Standard functions have impermanent values; their local variables are erased once their execution ends. They cannot be nested inside other functions. 'Data functions' are identical to normal functions except for the presence of the P setter, which allows 'properties' to be defined which persist across all calls of the function. Standard functions can be nested inside datafunctions.
All functions can be called using expressions, for example:
C someObj cmd; # create a datafunction 'someObj' F init; # define init as a method of someObj P var 'somestring'; # set property var X F print; # define method 'print' > var; # output var X .[cmd+"]; # call the function passed in, expression syntax required N
~someObj init; # special syntax for datafunctions allows raw names instead of strings ~someObj print;
While leaving out the init call would cause an 'undefined name' error. Extending this concept allows OOP; this functionality is used in stdl.clart, the standard import supplied with the interpreter, in order to create an Array object which can be cloned using &Array new_var; and then used like a stack object.
Comments are prepended by a # and are single-line.
Clart comes with a 'Standard Library' (usually 'stdl.clart') which supplies basic tools such as Array in order to make the prototype paradigm chosen by Clart more useful to programmers.
Assume '!simple 1;' to be true for all the following.
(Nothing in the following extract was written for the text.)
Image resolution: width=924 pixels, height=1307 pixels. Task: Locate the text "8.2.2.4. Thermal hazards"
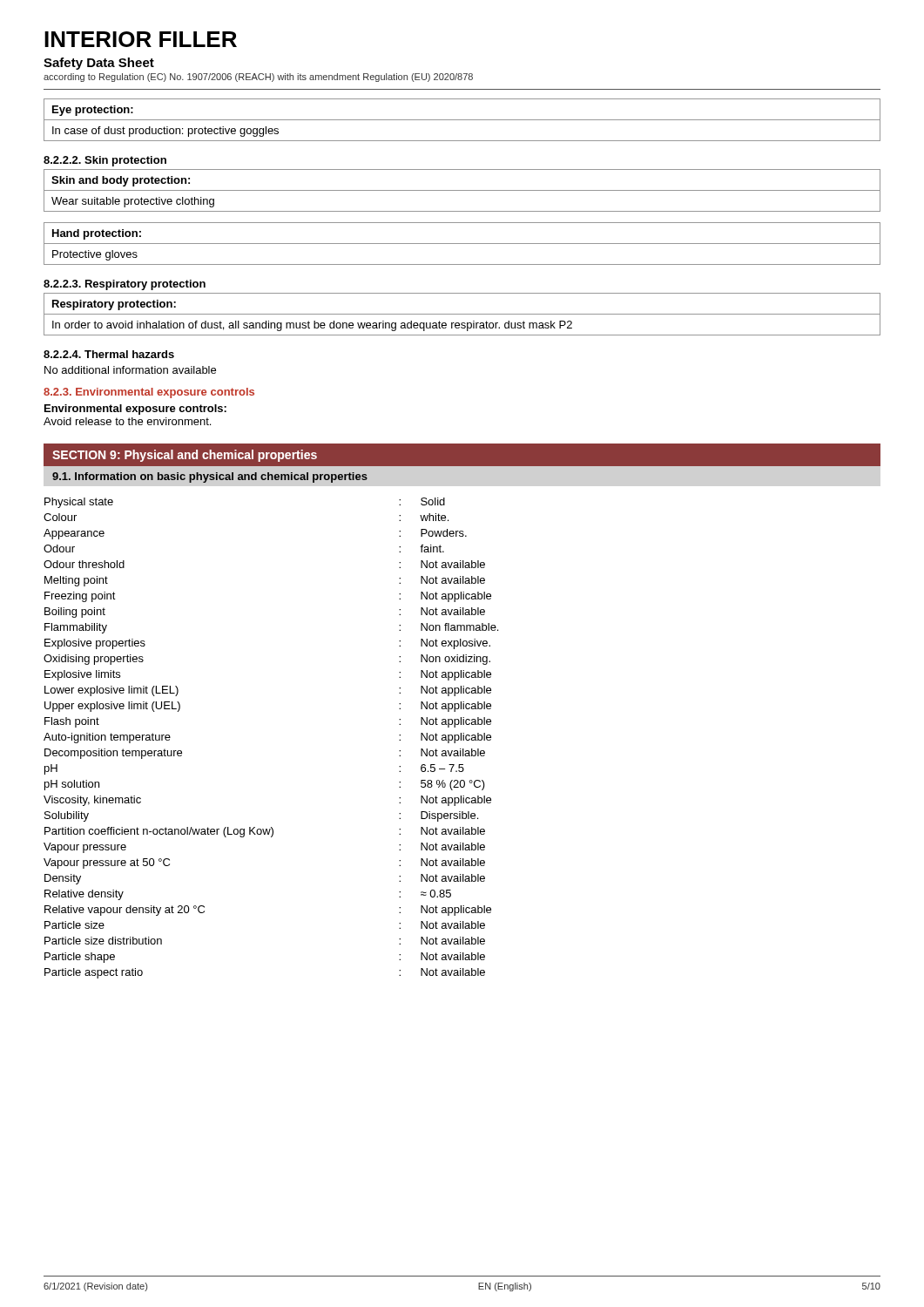tap(109, 354)

< n; ? [n=1]: ^loop E > 0; Q :loop > 1; ^loop
< txt; > txt;
Array object (from standard library):
C Array cmd value value_b; !fallback ; F pass; P len 0; X F append v; $ plen [len+1] P ["i+plen] [v+"]; P len [plen+0]; X F set k v; $ plen [len+1] P ["i+k] [v+"]; P len [plen+0]; X F get k; &["i+k] val; R val; ^r X .[cmd+"] [value+"] [value_b+"]; :r R return; Q N ~Array pass; #initial setup
Github Repository - Includes a more tutorial-like documentation, an interpreter, and a 'standard library' containing an Array prototype object, and a default file template.
Clart represents a first foray into creating esolangs, so is largely experimentation-driven. However, Clart does have a motivation: To create a language that looks like it sounds. Specifically, clart is an old english word meaning 'sticky mud; filth.' The Name was chosen first, then the syntax was built around it, in attempt to make the language look and feel like wading through foul-smelling sticky mud.